A few years back a Deputy Mayor of Wuhan told an old colleague that he’d heard that Labour were always the ‘anti-Chinese’ party. I’m not sure if this was a long term consequence of those deportations that somehow made it down through the years.

My guess would be either
a) hangover from the communist days: non-communist socialists were always the worst. Stalin got on much better with Roosevelt than he did with Stafford Cripps. Not to mention that the last time we went to war with China it was under a Labour government.
or
b) consequence of 1984 and the Anglo-Chinese agreement making the Tories look good, hence Labour look bad by comparison.

Dan Hardie

There's a tangential reference in one of Simon Jenkins's essays (perhaps in his book 'Against the Grain'*) to the destruction of London's original Chinatown, in Limehouse, by Herbert Morrison at the LCC- the same Herbert Morrison who was the single most powerful figure in the Attlee Government bar Ernie Bevin and Attlee himself. I've never seen any other references on this, but I should look when I have the chance.
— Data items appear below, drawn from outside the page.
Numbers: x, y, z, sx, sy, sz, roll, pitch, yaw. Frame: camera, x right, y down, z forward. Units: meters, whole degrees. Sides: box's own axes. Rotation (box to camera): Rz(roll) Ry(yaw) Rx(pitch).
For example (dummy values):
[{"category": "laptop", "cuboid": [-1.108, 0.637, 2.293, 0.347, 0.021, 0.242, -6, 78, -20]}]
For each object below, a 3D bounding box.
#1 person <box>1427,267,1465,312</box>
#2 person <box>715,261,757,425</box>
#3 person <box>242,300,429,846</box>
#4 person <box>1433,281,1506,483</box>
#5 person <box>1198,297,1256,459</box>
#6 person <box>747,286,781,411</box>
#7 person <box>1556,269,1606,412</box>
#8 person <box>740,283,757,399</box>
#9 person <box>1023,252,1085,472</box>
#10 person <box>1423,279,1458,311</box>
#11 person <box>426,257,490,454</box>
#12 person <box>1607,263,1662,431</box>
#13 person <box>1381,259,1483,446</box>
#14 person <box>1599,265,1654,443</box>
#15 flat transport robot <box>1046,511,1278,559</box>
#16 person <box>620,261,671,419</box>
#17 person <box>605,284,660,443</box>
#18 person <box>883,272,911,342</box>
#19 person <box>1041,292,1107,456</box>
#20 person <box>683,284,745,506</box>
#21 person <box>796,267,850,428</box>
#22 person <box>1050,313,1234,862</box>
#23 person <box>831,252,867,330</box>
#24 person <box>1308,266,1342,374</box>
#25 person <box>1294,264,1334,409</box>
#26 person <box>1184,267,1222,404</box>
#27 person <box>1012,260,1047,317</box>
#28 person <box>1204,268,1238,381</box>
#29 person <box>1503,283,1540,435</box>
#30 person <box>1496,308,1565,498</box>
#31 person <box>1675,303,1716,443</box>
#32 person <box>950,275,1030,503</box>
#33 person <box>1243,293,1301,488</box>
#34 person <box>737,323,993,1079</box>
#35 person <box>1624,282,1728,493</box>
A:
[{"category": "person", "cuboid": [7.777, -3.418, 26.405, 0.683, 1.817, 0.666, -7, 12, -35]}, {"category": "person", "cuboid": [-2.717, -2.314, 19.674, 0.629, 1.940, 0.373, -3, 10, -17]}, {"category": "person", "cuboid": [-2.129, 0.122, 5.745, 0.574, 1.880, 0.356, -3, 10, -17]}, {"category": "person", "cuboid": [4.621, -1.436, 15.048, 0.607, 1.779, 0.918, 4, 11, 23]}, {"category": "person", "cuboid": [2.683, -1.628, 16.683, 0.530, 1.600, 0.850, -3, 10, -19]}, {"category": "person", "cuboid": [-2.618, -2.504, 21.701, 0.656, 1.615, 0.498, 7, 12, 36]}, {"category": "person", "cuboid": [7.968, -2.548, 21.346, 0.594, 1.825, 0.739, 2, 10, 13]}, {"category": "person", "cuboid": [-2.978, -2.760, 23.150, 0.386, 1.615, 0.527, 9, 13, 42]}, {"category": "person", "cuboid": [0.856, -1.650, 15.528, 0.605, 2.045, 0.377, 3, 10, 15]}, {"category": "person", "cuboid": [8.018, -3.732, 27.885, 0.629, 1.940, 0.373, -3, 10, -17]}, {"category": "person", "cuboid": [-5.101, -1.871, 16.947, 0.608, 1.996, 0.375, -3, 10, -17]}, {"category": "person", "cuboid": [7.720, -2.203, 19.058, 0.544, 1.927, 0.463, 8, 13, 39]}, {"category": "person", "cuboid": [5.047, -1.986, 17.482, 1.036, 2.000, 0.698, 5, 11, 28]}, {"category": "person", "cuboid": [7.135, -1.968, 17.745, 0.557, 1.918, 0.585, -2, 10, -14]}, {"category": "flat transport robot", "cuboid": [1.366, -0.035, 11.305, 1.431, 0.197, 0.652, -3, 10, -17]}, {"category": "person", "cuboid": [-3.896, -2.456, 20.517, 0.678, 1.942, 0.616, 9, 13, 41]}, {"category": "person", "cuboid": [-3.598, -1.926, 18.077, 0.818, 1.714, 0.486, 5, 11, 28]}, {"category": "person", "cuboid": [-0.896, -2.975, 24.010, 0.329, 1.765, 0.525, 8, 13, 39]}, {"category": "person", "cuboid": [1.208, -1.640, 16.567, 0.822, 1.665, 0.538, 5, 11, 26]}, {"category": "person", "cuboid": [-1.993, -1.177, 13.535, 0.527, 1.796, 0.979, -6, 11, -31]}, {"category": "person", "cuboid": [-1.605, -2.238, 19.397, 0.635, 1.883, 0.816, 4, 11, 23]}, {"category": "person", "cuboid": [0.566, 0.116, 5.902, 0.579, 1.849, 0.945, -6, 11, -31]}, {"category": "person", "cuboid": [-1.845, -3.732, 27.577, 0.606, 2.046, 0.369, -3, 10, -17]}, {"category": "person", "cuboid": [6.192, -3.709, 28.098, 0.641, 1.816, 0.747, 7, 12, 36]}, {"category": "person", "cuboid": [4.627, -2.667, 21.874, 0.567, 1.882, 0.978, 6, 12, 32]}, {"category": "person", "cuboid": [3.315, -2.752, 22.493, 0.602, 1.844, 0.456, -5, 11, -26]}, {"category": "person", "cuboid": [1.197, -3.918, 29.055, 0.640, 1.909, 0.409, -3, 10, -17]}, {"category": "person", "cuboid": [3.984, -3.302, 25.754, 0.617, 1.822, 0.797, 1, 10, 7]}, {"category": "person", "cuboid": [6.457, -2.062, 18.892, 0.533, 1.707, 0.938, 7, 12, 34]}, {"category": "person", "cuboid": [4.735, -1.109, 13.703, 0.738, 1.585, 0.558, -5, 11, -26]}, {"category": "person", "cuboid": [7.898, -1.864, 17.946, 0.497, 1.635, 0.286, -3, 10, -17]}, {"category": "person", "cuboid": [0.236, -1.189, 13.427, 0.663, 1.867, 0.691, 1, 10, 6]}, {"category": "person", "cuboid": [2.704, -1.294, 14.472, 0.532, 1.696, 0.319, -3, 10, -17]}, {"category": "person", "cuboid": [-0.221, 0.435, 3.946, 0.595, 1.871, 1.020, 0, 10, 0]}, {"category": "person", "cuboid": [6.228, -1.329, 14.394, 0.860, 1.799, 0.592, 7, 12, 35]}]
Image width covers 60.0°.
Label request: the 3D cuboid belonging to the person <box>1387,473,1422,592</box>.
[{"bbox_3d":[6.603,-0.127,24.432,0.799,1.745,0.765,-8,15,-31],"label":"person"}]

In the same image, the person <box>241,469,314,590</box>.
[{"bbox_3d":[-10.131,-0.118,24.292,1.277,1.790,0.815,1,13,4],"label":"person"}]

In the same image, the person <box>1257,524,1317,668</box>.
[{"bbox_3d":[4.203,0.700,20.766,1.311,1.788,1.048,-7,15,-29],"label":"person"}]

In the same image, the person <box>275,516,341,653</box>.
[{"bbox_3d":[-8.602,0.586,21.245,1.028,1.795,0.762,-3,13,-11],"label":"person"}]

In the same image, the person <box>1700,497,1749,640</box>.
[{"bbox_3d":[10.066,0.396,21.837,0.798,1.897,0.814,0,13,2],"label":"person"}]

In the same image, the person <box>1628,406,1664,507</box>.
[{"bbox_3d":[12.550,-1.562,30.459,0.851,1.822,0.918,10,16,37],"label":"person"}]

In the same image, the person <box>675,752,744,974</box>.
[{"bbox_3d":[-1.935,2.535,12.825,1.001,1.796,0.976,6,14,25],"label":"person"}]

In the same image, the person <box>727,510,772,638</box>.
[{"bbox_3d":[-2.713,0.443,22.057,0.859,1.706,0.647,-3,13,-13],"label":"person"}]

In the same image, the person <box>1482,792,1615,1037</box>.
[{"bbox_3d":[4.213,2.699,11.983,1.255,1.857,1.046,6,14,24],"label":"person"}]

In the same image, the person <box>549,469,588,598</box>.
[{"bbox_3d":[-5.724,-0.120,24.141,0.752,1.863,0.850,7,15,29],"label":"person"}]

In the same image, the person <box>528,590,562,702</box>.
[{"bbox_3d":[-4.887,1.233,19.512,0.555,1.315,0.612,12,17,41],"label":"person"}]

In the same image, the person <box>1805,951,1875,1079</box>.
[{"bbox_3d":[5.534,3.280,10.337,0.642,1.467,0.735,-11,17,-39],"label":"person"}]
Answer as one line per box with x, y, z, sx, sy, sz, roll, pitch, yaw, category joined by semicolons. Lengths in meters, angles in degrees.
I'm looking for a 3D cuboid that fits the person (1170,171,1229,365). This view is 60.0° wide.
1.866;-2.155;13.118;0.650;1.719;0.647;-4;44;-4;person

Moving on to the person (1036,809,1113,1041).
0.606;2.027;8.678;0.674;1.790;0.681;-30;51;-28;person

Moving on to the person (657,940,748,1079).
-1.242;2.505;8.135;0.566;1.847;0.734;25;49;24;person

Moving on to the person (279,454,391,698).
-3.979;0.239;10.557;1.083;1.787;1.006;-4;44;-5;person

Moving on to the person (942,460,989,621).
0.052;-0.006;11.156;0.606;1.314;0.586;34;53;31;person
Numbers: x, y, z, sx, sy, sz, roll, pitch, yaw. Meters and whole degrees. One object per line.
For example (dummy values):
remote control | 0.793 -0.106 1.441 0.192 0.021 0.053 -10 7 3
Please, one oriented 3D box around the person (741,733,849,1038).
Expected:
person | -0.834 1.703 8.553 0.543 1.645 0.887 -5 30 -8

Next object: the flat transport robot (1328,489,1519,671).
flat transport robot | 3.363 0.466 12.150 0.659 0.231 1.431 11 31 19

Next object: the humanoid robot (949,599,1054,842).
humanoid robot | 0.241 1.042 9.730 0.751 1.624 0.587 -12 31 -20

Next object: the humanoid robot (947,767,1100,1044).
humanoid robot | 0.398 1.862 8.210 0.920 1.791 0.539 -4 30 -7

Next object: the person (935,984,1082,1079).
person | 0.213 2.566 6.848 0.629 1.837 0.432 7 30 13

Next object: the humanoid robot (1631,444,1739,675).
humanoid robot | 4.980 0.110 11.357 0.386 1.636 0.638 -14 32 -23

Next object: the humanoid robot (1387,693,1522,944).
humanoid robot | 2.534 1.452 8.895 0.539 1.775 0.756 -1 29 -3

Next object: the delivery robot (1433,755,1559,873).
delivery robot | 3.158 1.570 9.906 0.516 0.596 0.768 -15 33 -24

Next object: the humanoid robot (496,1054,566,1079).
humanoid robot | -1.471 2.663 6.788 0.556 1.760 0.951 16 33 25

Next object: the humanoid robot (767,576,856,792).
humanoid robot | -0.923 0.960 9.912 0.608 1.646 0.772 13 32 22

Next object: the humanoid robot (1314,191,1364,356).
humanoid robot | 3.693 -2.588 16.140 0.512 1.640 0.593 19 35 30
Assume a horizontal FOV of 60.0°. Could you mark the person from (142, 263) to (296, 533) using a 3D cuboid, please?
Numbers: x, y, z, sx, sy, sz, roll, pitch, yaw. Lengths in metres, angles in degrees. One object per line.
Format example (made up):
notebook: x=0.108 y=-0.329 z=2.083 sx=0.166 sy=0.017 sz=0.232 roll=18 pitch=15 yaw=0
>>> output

Another largely-forgotten episode is that in the First World War, the small immigrant communities in a lot of British ports (especially, IIRC, Cardiff, Sunderland, Bristol and Belfast, though there were others) grew significantly. A lot of Chinese, Somali, West Indian and Lascar (ie Indian) seamen and their families were made their homes there. In late 1918 and early 1919, there was a series of ferocious attacks on these communities, sometimes by mobs and sometimes by the police, and within a few months most of the non-whites were out.

Sunderland (I think: certainly one of the North-Eastern ports) was a partial exception- several hundred local Somalis resisted the mob attacks with weapons of their own, and the police seem not to have joined in the attacks on them. There has been a Somali community there ever since.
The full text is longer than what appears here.